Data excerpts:
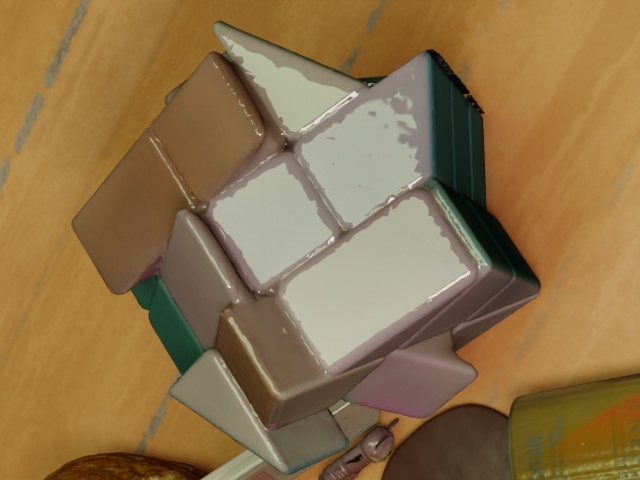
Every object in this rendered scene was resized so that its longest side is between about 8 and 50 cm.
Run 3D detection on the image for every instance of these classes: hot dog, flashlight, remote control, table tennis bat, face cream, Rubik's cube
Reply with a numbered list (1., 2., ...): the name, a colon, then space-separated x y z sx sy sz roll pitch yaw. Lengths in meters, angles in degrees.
1. hot dog: -0.185 0.315 1.698 0.259 0.114 0.175 14 101 34
2. flashlight: 0.039 0.216 1.596 0.031 0.052 0.110 45 123 -3
3. remote control: -0.029 0.204 1.575 0.190 0.087 0.029 -34 63 4
4. table tennis bat: 0.103 0.272 1.559 0.274 0.021 0.154 -44 66 23
5. face cream: 0.303 0.180 1.396 0.285 0.067 0.139 -14 74 30
6. Rubik's cube: 0.000 0.000 1.447 0.368 0.387 0.358 -34 74 9
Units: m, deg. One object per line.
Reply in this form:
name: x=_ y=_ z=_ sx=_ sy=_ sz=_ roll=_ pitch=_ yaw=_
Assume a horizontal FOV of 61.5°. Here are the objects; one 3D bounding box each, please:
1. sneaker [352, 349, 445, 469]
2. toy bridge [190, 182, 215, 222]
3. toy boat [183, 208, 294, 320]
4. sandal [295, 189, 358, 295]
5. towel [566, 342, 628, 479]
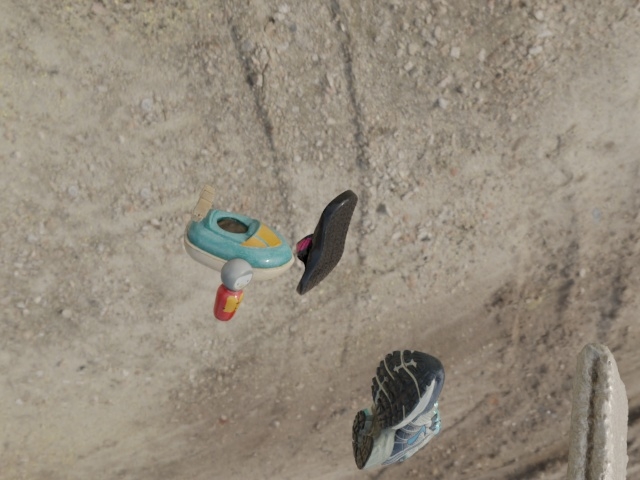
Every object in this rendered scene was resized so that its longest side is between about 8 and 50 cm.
sneaker: x=0.144 y=0.270 z=0.872 sx=0.122 sy=0.110 sz=0.283 roll=4 pitch=135 yaw=-18
toy bridge: x=-0.237 y=-0.069 z=1.077 sx=0.026 sy=0.188 sz=0.063 roll=28 pitch=99 yaw=-15
toy boat: x=-0.184 y=0.033 z=1.222 sx=0.267 sy=0.318 sz=0.148 roll=16 pitch=122 yaw=-12
sandal: x=0.000 y=0.000 z=0.640 sx=0.067 sy=0.040 sz=0.179 roll=-36 pitch=156 yaw=-37
towel: x=0.298 y=0.266 z=0.577 sx=0.049 sy=0.282 sz=0.187 roll=2 pitch=156 yaw=33
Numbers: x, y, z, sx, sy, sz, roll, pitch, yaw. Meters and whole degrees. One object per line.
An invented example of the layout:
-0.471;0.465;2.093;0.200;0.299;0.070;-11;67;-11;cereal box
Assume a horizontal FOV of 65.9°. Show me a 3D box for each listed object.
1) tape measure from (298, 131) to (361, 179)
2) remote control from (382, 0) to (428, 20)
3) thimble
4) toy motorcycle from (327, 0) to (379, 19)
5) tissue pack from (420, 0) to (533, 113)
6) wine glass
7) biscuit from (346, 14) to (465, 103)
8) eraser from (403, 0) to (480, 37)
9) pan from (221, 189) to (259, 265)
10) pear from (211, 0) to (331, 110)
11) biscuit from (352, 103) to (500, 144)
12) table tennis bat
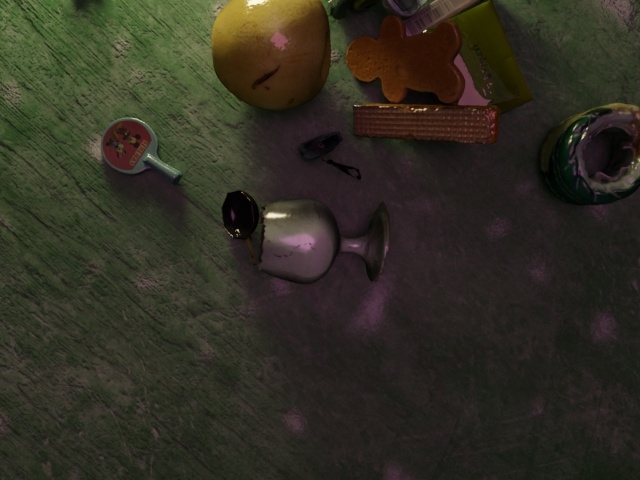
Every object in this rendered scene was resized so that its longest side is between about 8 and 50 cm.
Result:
0.024;-0.210;1.350;0.180;0.107;0.104;53;50;-22;tape measure
0.242;-0.662;1.298;0.104;0.052;0.247;47;59;-10;remote control
0.758;-0.231;1.342;0.288;0.167;0.254;-26;95;0;thimble
0.053;-0.691;1.200;0.200;0.326;0.191;-25;94;1;toy motorcycle
0.394;-0.444;1.309;0.200;0.167;0.274;-25;95;1;tissue pack
0.000;0.000;1.290;0.323;0.238;0.238;5;93;-12;wine glass
0.212;-0.464;1.265;0.047;0.340;0.216;-33;124;-40;biscuit
0.322;-0.612;1.336;0.352;0.089;0.061;-33;92;-1;eraser
-0.207;-0.033;1.336;0.048;0.128;0.202;-6;90;-46;pan
-0.118;-0.477;1.224;0.309;0.309;0.309;0;93;-3;pear
0.264;-0.303;1.273;0.379;0.054;0.094;9;114;30;biscuit
-0.485;-0.233;1.346;0.244;0.040;0.153;35;90;0;table tennis bat
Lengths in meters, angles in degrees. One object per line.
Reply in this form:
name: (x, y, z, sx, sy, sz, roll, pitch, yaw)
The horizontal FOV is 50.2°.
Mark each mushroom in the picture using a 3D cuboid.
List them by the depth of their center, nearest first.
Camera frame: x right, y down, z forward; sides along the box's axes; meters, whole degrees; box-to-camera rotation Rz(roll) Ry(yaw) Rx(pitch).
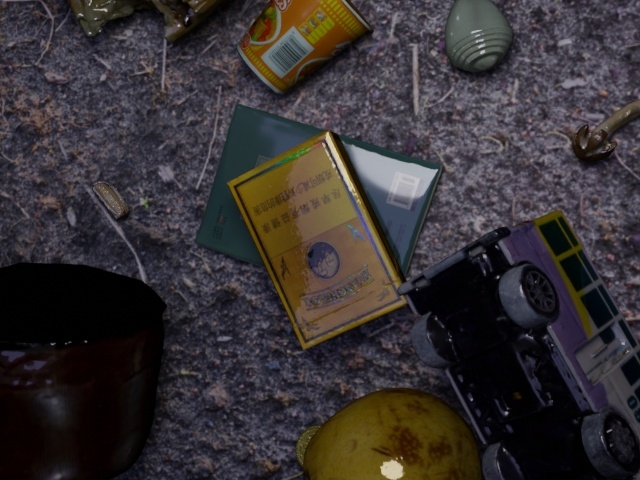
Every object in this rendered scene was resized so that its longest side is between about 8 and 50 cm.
mushroom: (0.475, -0.185, 1.053, 0.187, 0.061, 0.060, -33, 78, 6)

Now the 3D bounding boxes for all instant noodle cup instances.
instant noodle cup: (-0.034, -0.342, 1.120, 0.185, 0.168, 0.168, -40, 82, 17)

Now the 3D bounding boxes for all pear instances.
pear: (0.108, 0.355, 1.017, 0.280, 0.281, 0.281, 0, 90, 12)

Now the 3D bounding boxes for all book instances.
book: (-0.012, -0.060, 1.169, 0.379, 0.031, 0.264, 20, 94, 12)

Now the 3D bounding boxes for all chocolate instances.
chocolate: (-0.443, 0.244, 1.126, 0.383, 0.383, 0.331, 12, 106, 12)

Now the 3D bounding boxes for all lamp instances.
lamp: (0.240, -0.359, 1.085, 0.106, 0.106, 0.193, -14, 77, 12)

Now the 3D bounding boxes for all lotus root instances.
lotus root: (-0.381, -0.074, 1.249, 0.037, 0.030, 0.083, -39, 84, -20)

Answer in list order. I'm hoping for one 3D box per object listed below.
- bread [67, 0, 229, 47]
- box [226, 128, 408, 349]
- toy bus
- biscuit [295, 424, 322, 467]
bread: (-0.271, -0.482, 1.147, 0.370, 0.191, 0.314, -35, 88, 15)
box: (0.000, 0.000, 1.107, 0.192, 0.084, 0.302, -26, 87, 13)
toy bus: (0.331, 0.199, 0.965, 0.209, 0.249, 0.440, -38, 75, 44)
biscuit: (-0.002, 0.360, 1.171, 0.084, 0.023, 0.084, 0, 90, 12)
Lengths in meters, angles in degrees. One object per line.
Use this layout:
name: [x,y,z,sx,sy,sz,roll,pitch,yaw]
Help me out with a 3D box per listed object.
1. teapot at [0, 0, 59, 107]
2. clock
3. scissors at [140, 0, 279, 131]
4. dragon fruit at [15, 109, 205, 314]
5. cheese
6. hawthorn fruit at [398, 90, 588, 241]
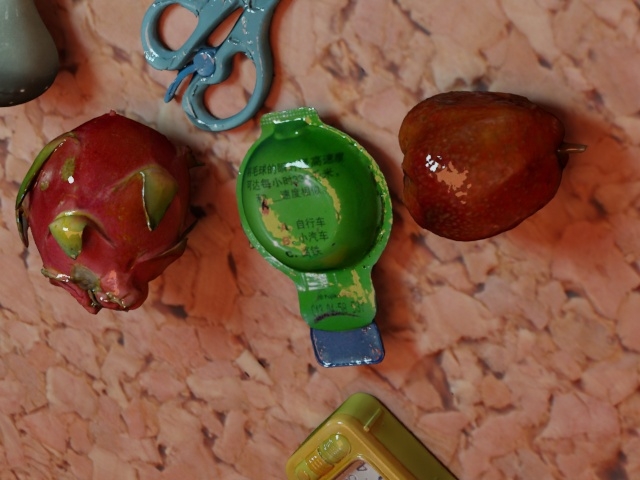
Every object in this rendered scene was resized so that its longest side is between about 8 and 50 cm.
teapot: [-0.388,-0.294,1.580,0.183,0.183,0.250,23,109,17]
clock: [0.069,0.306,1.657,0.202,0.096,0.143,44,122,2]
scissors: [-0.069,-0.277,1.493,0.180,0.032,0.393,47,125,0]
dragon fruit: [-0.257,-0.034,1.589,0.224,0.227,0.224,22,162,8]
cheese: [0.000,0.000,1.555,0.204,0.083,0.320,-7,107,28]
hawthorn fruit: [0.168,-0.078,1.392,0.173,0.179,0.173,165,90,-70]
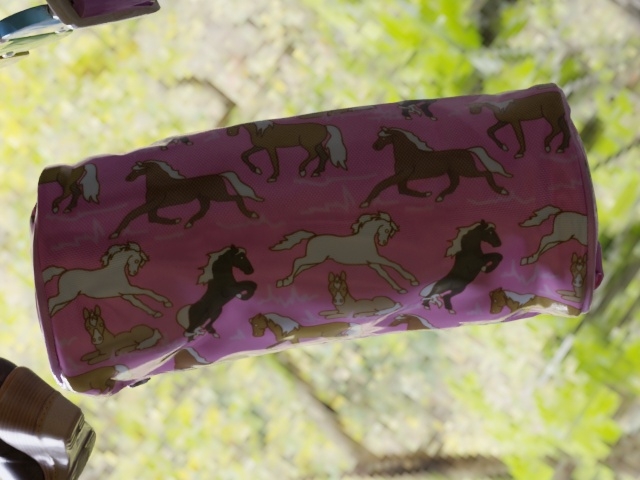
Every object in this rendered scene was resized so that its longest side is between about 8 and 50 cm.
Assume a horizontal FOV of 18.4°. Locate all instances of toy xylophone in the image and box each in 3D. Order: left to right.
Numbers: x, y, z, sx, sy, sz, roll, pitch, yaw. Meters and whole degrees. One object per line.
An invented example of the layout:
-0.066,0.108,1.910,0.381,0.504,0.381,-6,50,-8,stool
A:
-0.284,-0.131,1.350,0.323,0.236,0.081,-20,92,37,toy xylophone

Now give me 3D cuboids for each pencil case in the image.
0.000,0.000,1.335,0.386,0.160,0.167,-10,162,-1,pencil case

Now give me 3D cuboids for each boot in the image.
-0.321,0.166,1.868,0.207,0.090,0.248,23,152,5,boot
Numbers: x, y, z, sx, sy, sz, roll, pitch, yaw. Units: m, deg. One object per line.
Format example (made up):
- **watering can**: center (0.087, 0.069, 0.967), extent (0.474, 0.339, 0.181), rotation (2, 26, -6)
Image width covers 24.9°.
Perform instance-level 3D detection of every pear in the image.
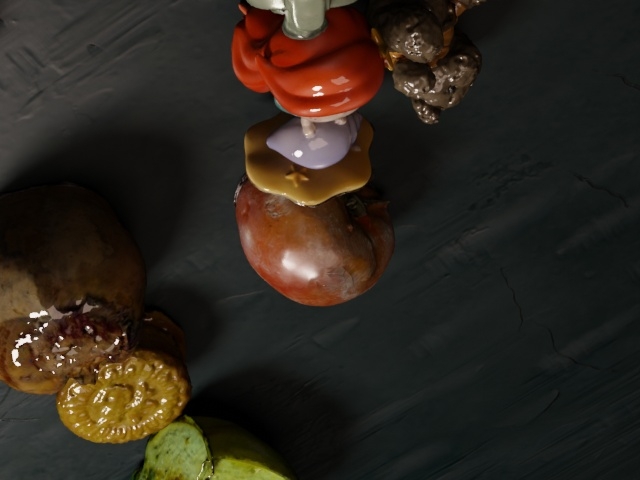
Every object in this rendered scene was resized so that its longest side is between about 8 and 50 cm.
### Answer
- **pear**: center (-0.127, 0.362, 2.120), extent (0.255, 0.164, 0.238), rotation (10, 116, -32)

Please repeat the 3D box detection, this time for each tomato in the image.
- **tomato**: center (0.000, 0.000, 1.844), extent (0.181, 0.155, 0.214), rotation (-41, 131, 23)

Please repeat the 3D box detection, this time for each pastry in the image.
- **pastry**: center (-0.264, 0.185, 1.949), extent (0.189, 0.103, 0.188), rotation (-9, 133, -10)

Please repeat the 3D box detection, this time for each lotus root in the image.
- **lotus root**: center (-0.327, 0.082, 1.767), extent (0.272, 0.192, 0.272), rotation (-10, 124, -16)

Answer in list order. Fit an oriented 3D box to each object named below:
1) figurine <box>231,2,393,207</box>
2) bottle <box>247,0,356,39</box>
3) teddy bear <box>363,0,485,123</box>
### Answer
- **figurine**: center (-0.015, -0.179, 1.641), extent (0.181, 0.208, 0.257), rotation (7, 148, -1)
- **bottle**: center (-0.019, -0.383, 1.442), extent (0.229, 0.229, 0.351), rotation (-10, 126, -10)
- **teddy bear**: center (0.126, -0.233, 1.694), extent (0.140, 0.177, 0.190), rotation (11, 145, 35)
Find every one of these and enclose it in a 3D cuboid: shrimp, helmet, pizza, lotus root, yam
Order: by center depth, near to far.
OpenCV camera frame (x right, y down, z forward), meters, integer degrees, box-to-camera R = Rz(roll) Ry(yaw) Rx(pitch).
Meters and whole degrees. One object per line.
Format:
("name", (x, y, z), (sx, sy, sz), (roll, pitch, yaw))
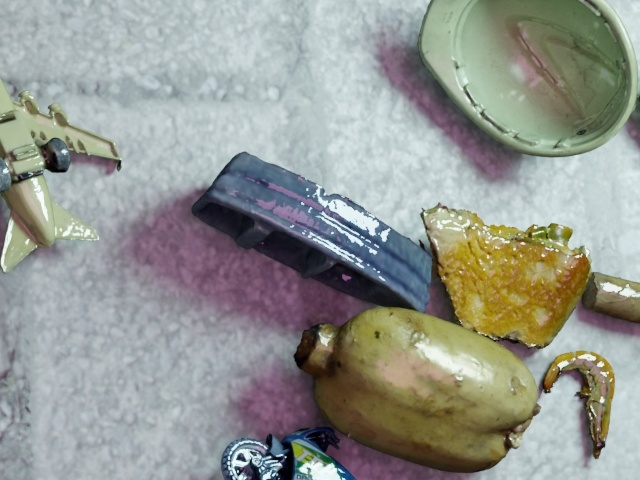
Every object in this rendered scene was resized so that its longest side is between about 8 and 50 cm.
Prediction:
("lotus root", (0.106, 0.160, 1.661), (0.284, 0.146, 0.160), (22, 86, -10))
("pizza", (0.201, 0.041, 1.749), (0.226, 0.069, 0.147), (11, 95, -16))
("helmet", (0.251, -0.221, 1.764), (0.257, 0.137, 0.204), (40, 113, 2))
("shrimp", (0.303, 0.191, 1.773), (0.091, 0.025, 0.127), (-1, 78, -14))
("yam", (0.423, 0.085, 1.808), (0.241, 0.057, 0.057), (14, 79, -11))

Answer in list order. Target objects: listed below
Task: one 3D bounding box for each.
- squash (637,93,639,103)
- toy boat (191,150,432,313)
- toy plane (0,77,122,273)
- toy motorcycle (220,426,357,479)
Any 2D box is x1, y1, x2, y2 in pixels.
("squash", (0.537, -0.133, 1.831), (0.289, 0.111, 0.203), (46, 106, -1))
("toy boat", (0.000, 0.000, 1.671), (0.283, 0.127, 0.078), (26, 71, -12))
("toy plane", (-0.334, -0.100, 1.618), (0.242, 0.104, 0.256), (-22, 95, -31))
("toy motorcycle", (0.013, 0.285, 1.635), (0.254, 0.092, 0.135), (42, 48, 1))
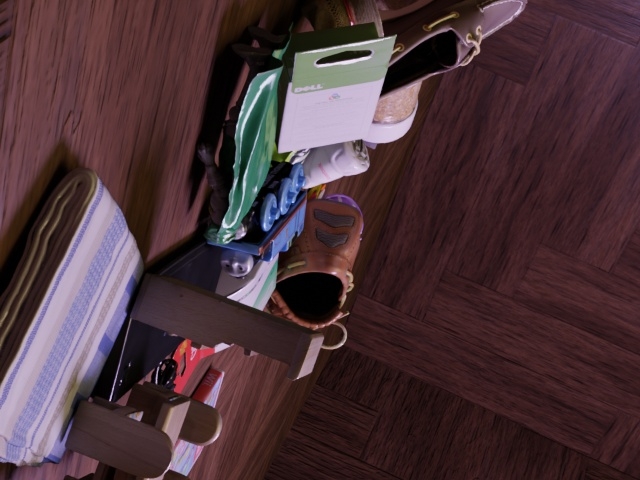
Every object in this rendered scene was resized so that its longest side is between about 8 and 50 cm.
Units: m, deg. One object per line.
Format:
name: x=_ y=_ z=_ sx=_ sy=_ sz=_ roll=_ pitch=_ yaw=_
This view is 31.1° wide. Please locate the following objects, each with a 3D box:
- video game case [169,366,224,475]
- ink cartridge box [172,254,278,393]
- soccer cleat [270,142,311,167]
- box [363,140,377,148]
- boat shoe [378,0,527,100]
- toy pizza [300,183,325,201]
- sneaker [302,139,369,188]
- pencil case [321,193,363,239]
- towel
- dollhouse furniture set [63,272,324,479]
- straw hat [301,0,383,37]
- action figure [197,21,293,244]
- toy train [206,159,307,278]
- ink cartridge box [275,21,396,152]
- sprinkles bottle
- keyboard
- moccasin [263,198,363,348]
video game case: x=-0.226 y=0.344 z=1.690 sx=0.285 sy=0.025 sz=0.204 roll=-59 pitch=171 yaw=-48
ink cartridge box: x=-0.123 y=0.103 z=1.535 sx=0.181 sy=0.056 sz=0.224 roll=101 pitch=13 yaw=-62
soccer cleat: x=-0.042 y=-0.113 z=1.421 sx=0.178 sy=0.060 sz=0.072 roll=-61 pitch=-175 yaw=13
box: x=0.141 y=-0.335 z=1.979 sx=0.307 sy=0.077 sz=0.242 roll=-58 pitch=170 yaw=-51
boat shoe: x=0.150 y=-0.264 z=1.510 sx=0.324 sy=0.096 sz=0.116 roll=-23 pitch=153 yaw=-25
toy pizza: x=-0.002 y=-0.107 z=1.841 sx=0.201 sy=0.032 sz=0.201 roll=24 pitch=90 yaw=-84
sneaker: x=-0.003 y=-0.148 z=1.526 sx=0.115 sy=0.090 sz=0.232 roll=-25 pitch=-154 yaw=16
pencil case: x=0.000 y=0.000 z=1.826 sx=0.086 sy=0.088 sz=0.206 roll=-14 pitch=164 yaw=-22
towel: x=-0.201 y=0.073 z=0.882 sx=0.285 sy=0.034 sz=0.209 roll=96 pitch=17 yaw=-76
dollhouse furniture set: x=-0.117 y=0.172 z=1.057 sx=0.212 sy=0.161 sz=0.242 roll=29 pitch=81 yaw=-83
straw hat: x=0.013 y=-0.253 z=1.274 sx=0.061 sy=0.144 sz=0.144 roll=-24 pitch=164 yaw=-9
action figure: x=-0.080 y=-0.091 z=1.132 sx=0.137 sy=0.064 sz=0.232 roll=-59 pitch=167 yaw=-57
toy train: x=-0.068 y=-0.027 z=1.309 sx=0.184 sy=0.080 sz=0.105 roll=-55 pitch=153 yaw=-60
ink cartridge box: x=0.007 y=-0.176 z=1.234 sx=0.209 sy=0.109 sz=0.062 roll=105 pitch=-28 yaw=-65
sprinkles bottle: x=0.109 y=-0.293 z=1.674 sx=0.355 sy=0.121 sz=0.121 roll=104 pitch=12 yaw=-56
keyboard: x=-0.173 y=0.102 z=1.227 sx=0.317 sy=0.033 sz=0.201 roll=-42 pitch=150 yaw=-72
moccasin: x=-0.016 y=0.076 z=1.723 sx=0.380 sy=0.139 sz=0.146 roll=128 pitch=-27 yaw=-63
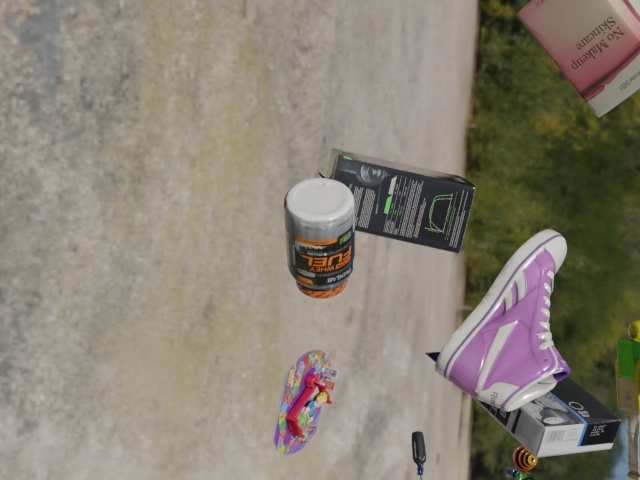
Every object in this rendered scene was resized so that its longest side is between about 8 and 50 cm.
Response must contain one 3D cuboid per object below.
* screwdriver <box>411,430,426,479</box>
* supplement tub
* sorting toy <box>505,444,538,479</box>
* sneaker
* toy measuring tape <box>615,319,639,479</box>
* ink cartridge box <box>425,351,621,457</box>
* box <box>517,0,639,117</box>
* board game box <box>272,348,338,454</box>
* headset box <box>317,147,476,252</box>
[{"bbox_3d":[0.159,0.390,1.614,0.024,0.025,0.170,65,25,-67],"label":"screwdriver"},{"bbox_3d":[0.000,0.000,1.685,0.117,0.117,0.190,-74,166,-46],"label":"supplement tub"},{"bbox_3d":[0.379,0.430,1.867,0.042,0.061,0.102,172,-83,-71],"label":"sorting toy"},{"bbox_3d":[0.309,0.122,1.446,0.282,0.161,0.102,-52,150,-15],"label":"sneaker"},{"bbox_3d":[0.660,0.318,2.030,0.121,0.121,0.330,-39,124,-75],"label":"toy measuring tape"},{"bbox_3d":[0.333,0.244,1.708,0.332,0.165,0.065,40,-56,53],"label":"ink cartridge box"},{"bbox_3d":[0.475,-0.353,1.712,0.127,0.232,0.148,-34,174,-46],"label":"box"},{"bbox_3d":[-0.015,0.253,1.548,0.133,0.033,0.169,3,100,-60],"label":"board game box"},{"bbox_3d":[0.129,-0.084,1.938,0.246,0.283,0.131,-94,-164,-81],"label":"headset box"}]
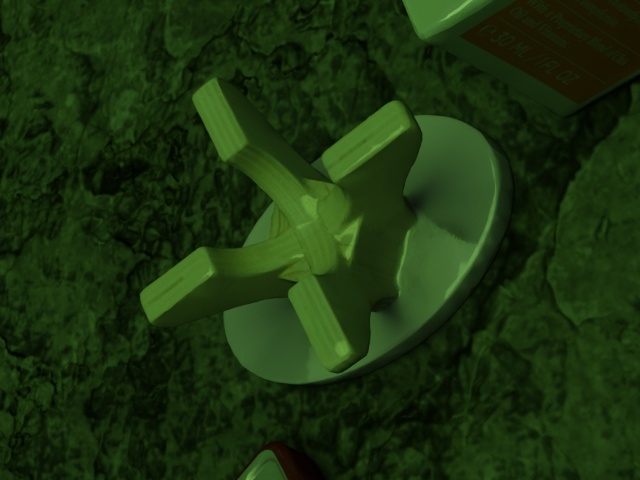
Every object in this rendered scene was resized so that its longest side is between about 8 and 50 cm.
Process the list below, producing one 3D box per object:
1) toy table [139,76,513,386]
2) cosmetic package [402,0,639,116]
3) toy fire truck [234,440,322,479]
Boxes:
[{"bbox_3d":[0.000,0.000,1.155,0.274,0.161,0.252,-48,59,15],"label":"toy table"},{"bbox_3d":[0.272,-0.277,0.988,0.453,0.230,0.161,-31,65,26],"label":"cosmetic package"},{"bbox_3d":[-0.075,0.332,1.154,0.302,0.169,0.254,-51,34,14],"label":"toy fire truck"}]
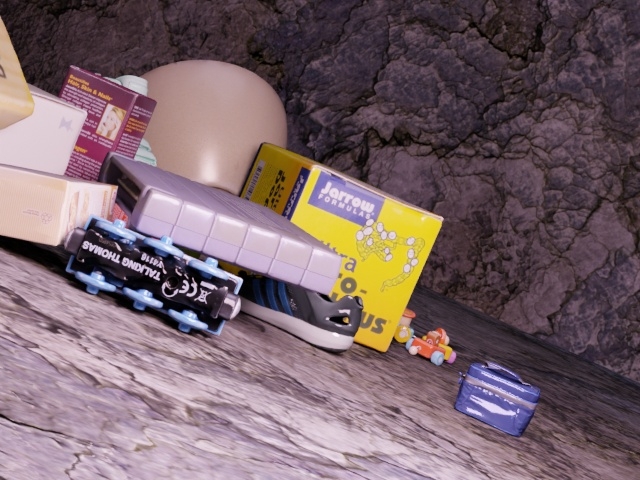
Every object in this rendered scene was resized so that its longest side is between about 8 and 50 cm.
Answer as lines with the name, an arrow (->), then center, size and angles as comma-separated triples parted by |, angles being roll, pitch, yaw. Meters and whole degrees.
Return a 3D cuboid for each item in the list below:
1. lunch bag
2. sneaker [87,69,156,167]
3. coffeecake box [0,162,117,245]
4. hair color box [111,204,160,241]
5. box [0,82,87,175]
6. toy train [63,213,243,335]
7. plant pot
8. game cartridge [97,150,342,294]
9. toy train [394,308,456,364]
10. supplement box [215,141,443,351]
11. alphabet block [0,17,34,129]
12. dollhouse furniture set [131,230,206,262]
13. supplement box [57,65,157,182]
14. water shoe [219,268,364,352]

EXERCISE DETAILS: Once you reach the line with "Help me out with a 3D box per listed object." in the data above, copy it and every line after it exactly, up to and including the line with "6. hawthorn fruit at [398, 90, 588, 241]".

FINISHED EXERCISE:
Help me out with a 3D box per listed object.
1. teapot at [0, 0, 59, 107]
2. clock
3. scissors at [140, 0, 279, 131]
4. dragon fruit at [15, 109, 205, 314]
5. cheese
6. hawthorn fruit at [398, 90, 588, 241]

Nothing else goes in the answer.